I spent a week on my own, reading, eating and trying to figure out how to style my terribly cut fringe. And it was fine. It turned out the fear of my own company was far, far greater than the reality of it. I get on well with myself! We like ALL the same things.
But the trip was not the groundbreaking experience that I’d expected it to be. I thought the tricky thing on a solo holiday would be finding myself, but it’s actually finding a way to get SPF on your back.
I did Google it, by the way. The internet advised me to squirt sunscreen onto some cling film (!) and rub that over my back. If I saw a person doing that on the beach, I wouldn’t think ‘Wow, what a clever solo traveller’, I’d think, ‘Wow, they’re having their mental breakdown in public!’
So, in the end I settled on a strict regime that never exposed my back to the sun. I may not have had an even tan, but at least I had my dignity.
But it wasn’t just the sunscreen issue: I found the logistics of my solo holiday draining. There are so many questions: where do I eat? What should I do? How do I present this as fun on social media so no one doubts my choices?
As someone who will spend the length of a film deciding which film to watch, decision making is my personal hell. It was non-stop, and there was no one else to blame for any bad ones I made.
Sure, there were moments where I did feel happy, peaceful and classy as hell (moments that were instantly undermined by my brain going, ‘Look at us, we’re being classy as hell right now’). But there were also moments where I wished I had someone there to have a laugh/split all the bills with.
I didn’t regret taking the trip. It was a useful experiment. I came home feeling rested and relaxed, but mostly just really excited to talk to someone other than The Devil Incarnate (my pet name for the Duolingo owl).

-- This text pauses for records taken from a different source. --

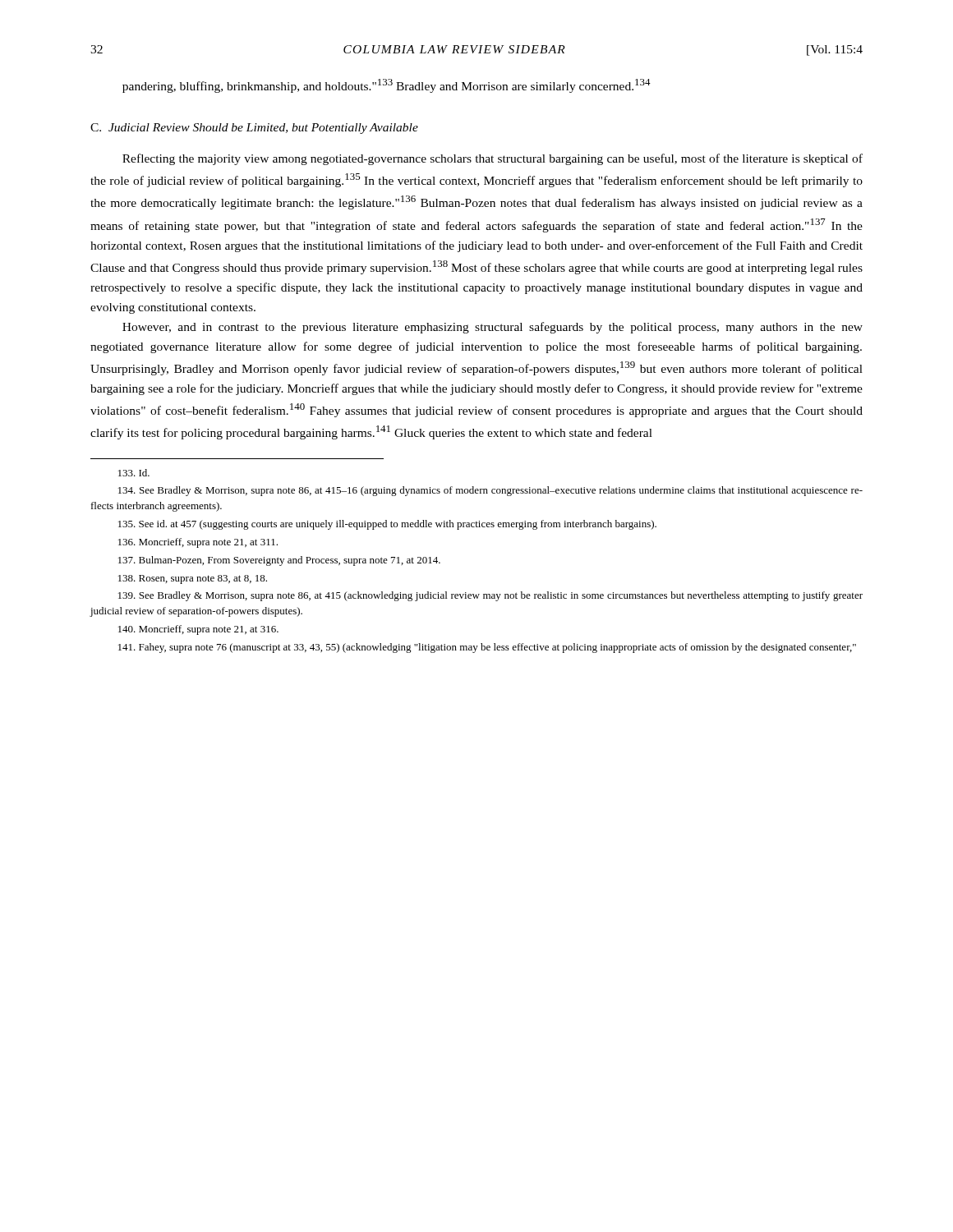Click on the section header that says "C. Judicial Review Should be"
The width and height of the screenshot is (953, 1232).
point(254,129)
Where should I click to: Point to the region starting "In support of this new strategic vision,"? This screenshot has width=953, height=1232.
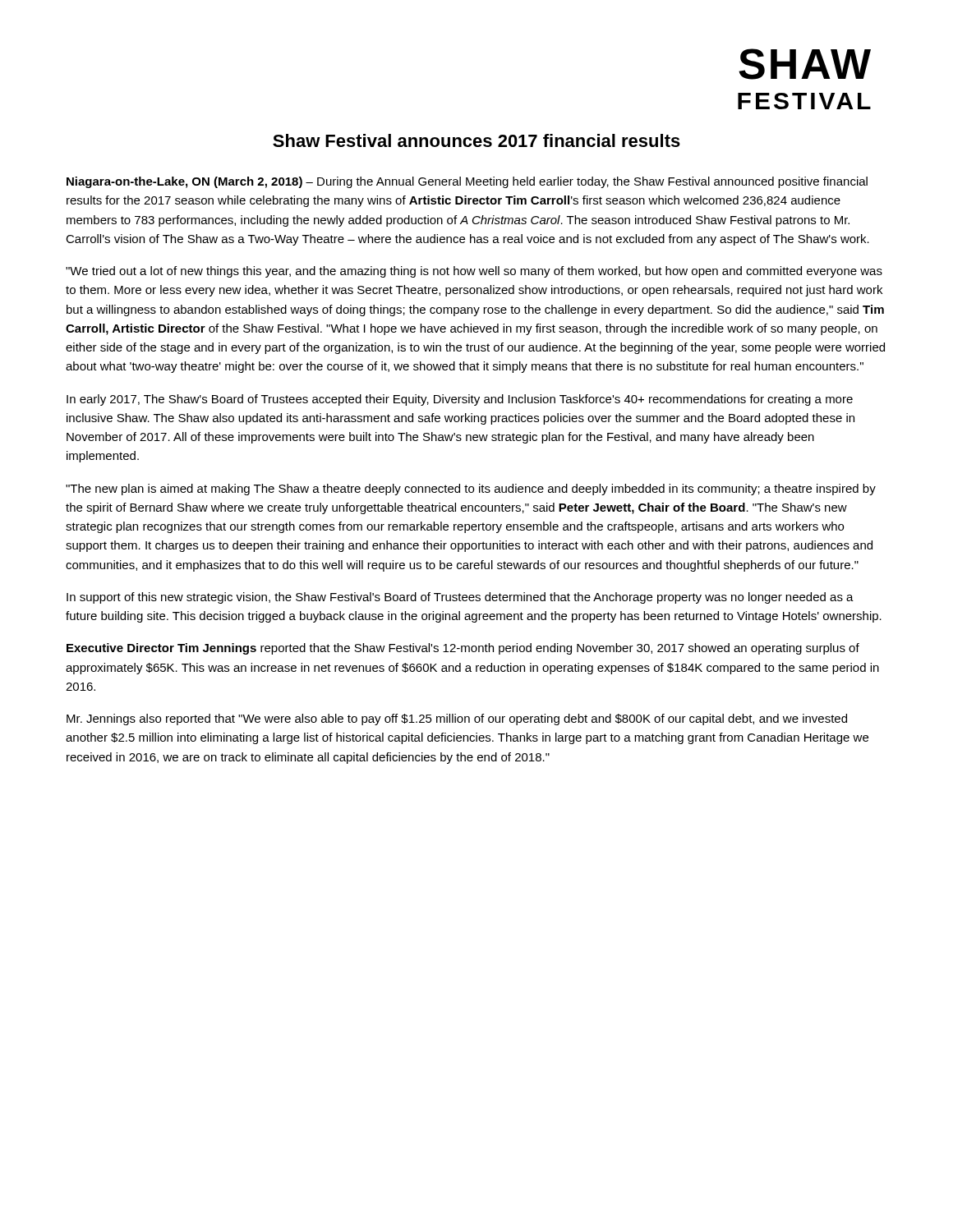coord(474,606)
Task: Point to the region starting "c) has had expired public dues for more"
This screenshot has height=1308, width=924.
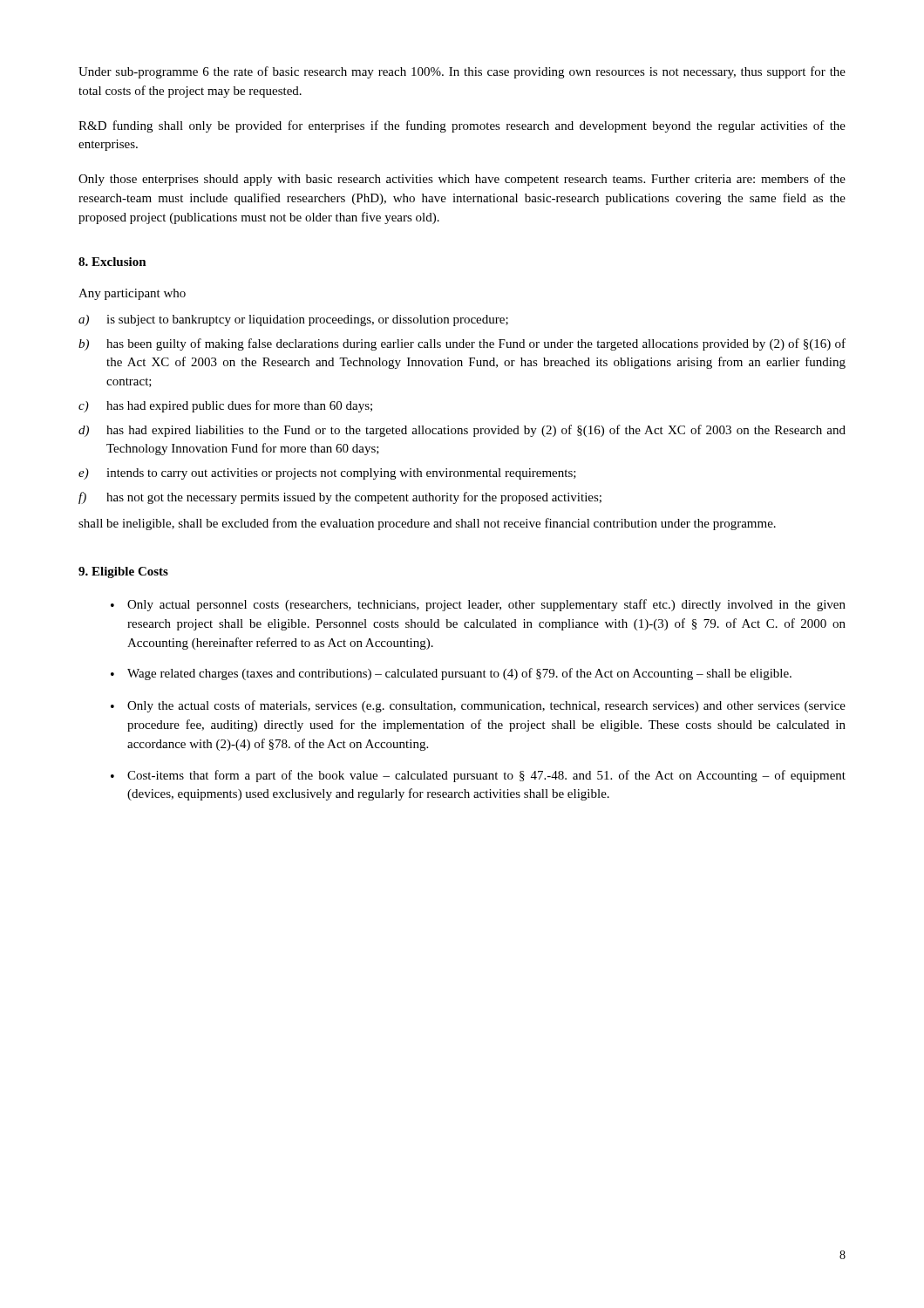Action: click(x=225, y=406)
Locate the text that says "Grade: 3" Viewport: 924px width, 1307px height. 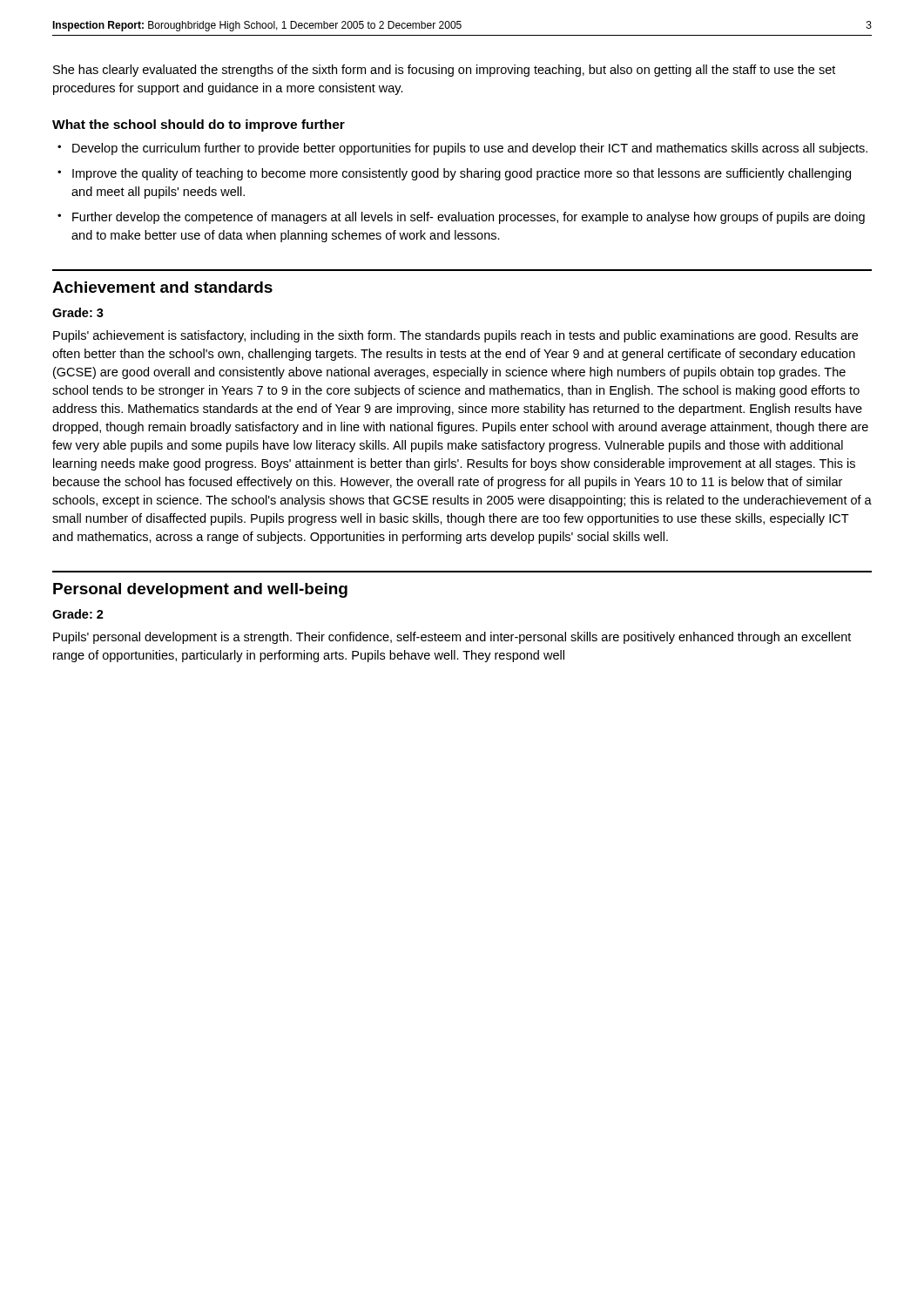coord(78,313)
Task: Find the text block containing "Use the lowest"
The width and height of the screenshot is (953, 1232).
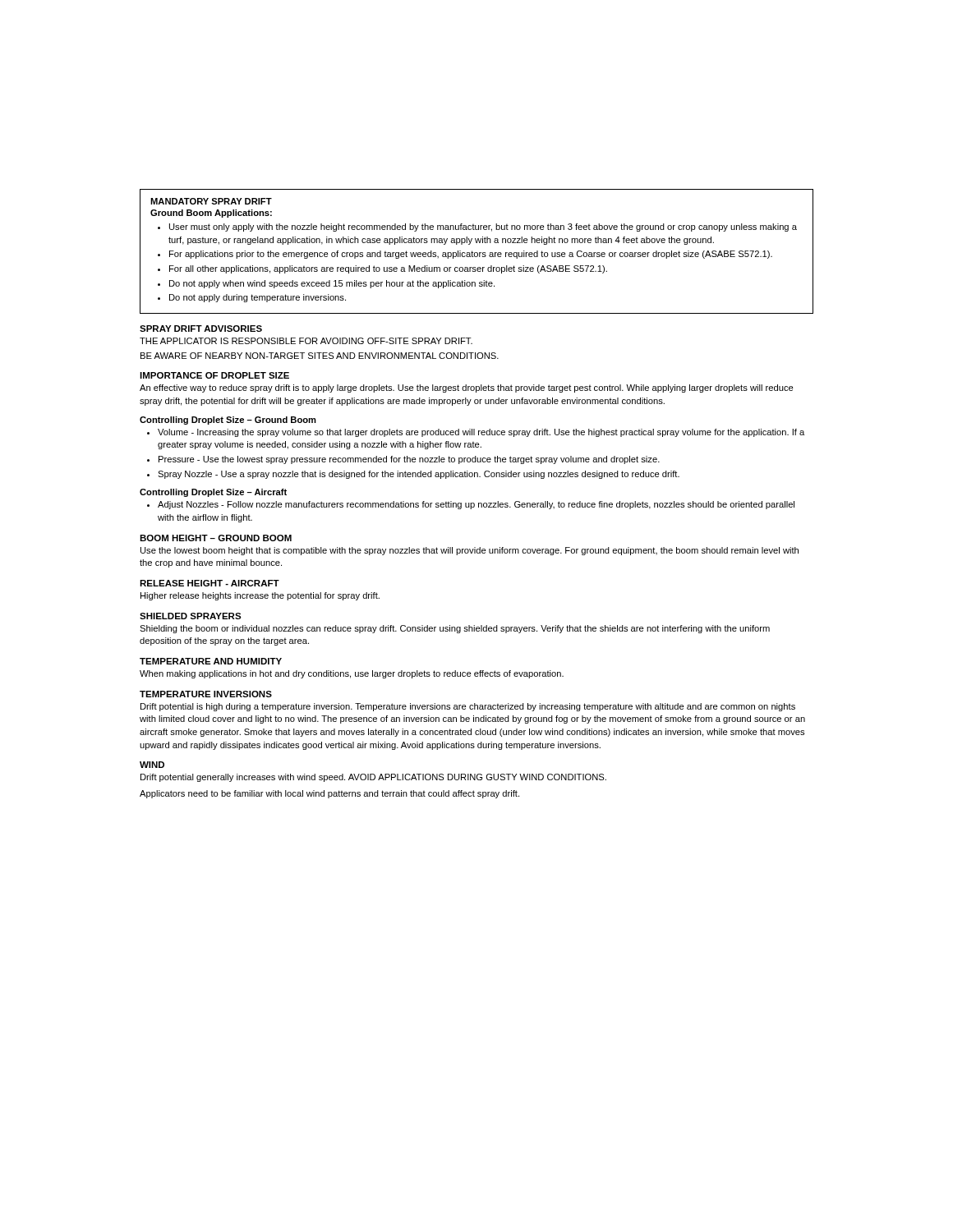Action: 469,556
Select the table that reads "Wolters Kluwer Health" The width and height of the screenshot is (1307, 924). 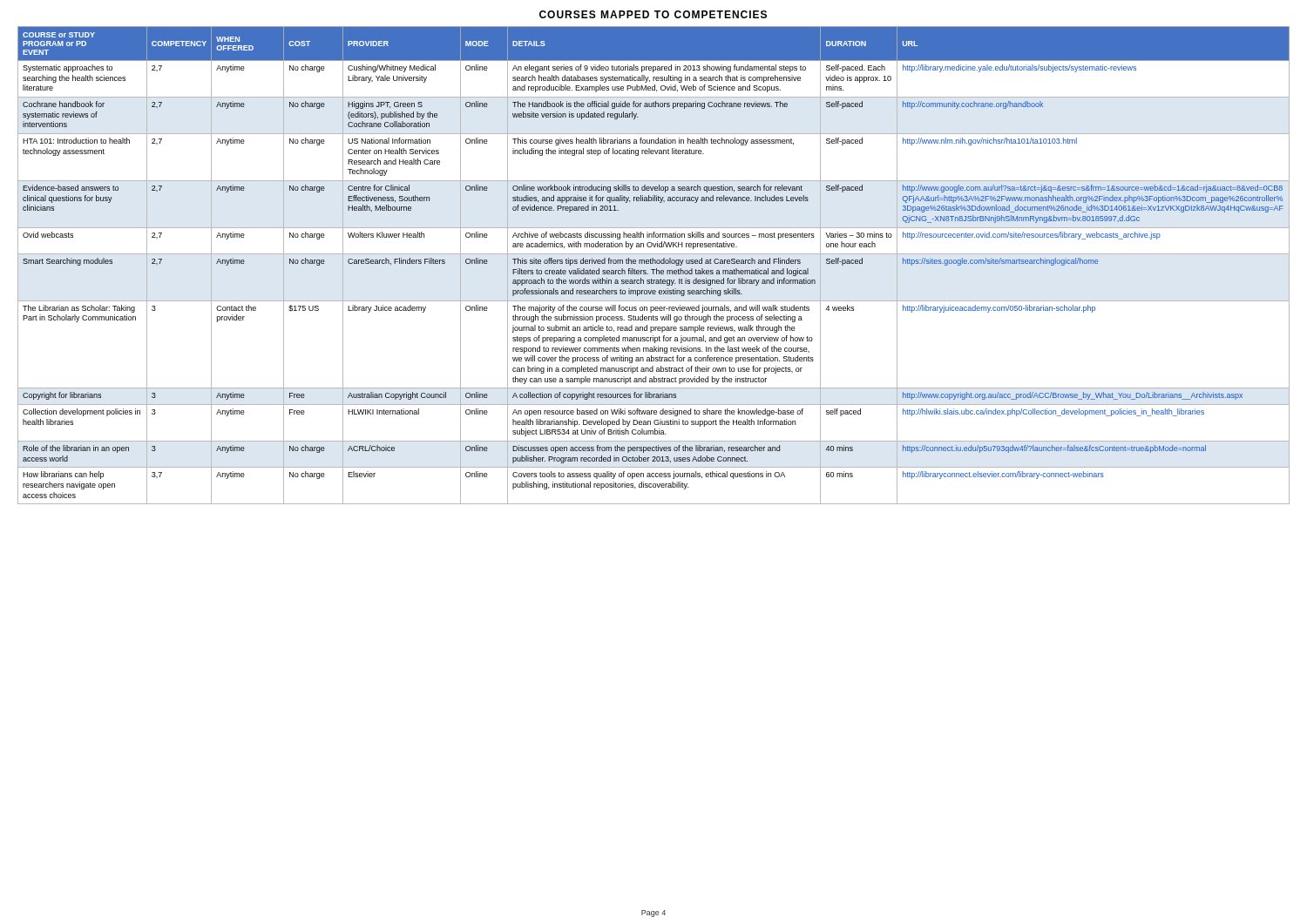(654, 265)

Since then, I’ve attempted a few more solo trips around the UK, helped by the fact that I travel around a lot for my job as a stand up comedian. I thought it was just a matter of getting used to it. But I just don’t like it. I’ve done my time and I am firmly Team Holidays With Friends (or lovers, or a random man called Jim that you find outside Terminal 3. I’ll take anyone).
Society really promotes the virtue of being alone. Self care is often seen as a solo act, almost as if the more solitude something requires, the more healing it will be for you. And alone time can be a great thing! You should absolutely be able to spend time on your own and enjoy it without purchasing an animal off Gumtree. But it isn’t the only valuable use of your time.
The way you unwind depends on your needs. When I went to Margate with a couple of friends, we chatted into the early hours of the morning and laughed non-stop for a week. That did much more for my soul than any of my ‘Eat Pray Love’ alone time – and I only had to pick where we went for dinner once. Ultimate relaxation.
I’ve made peace with the fact that solo holidays just aren’t for me. So I’m looking forward to my summer holiday in New York with my best friend Emily, for a week of laughing, chatting and applying suntan lotion to each other’s backs.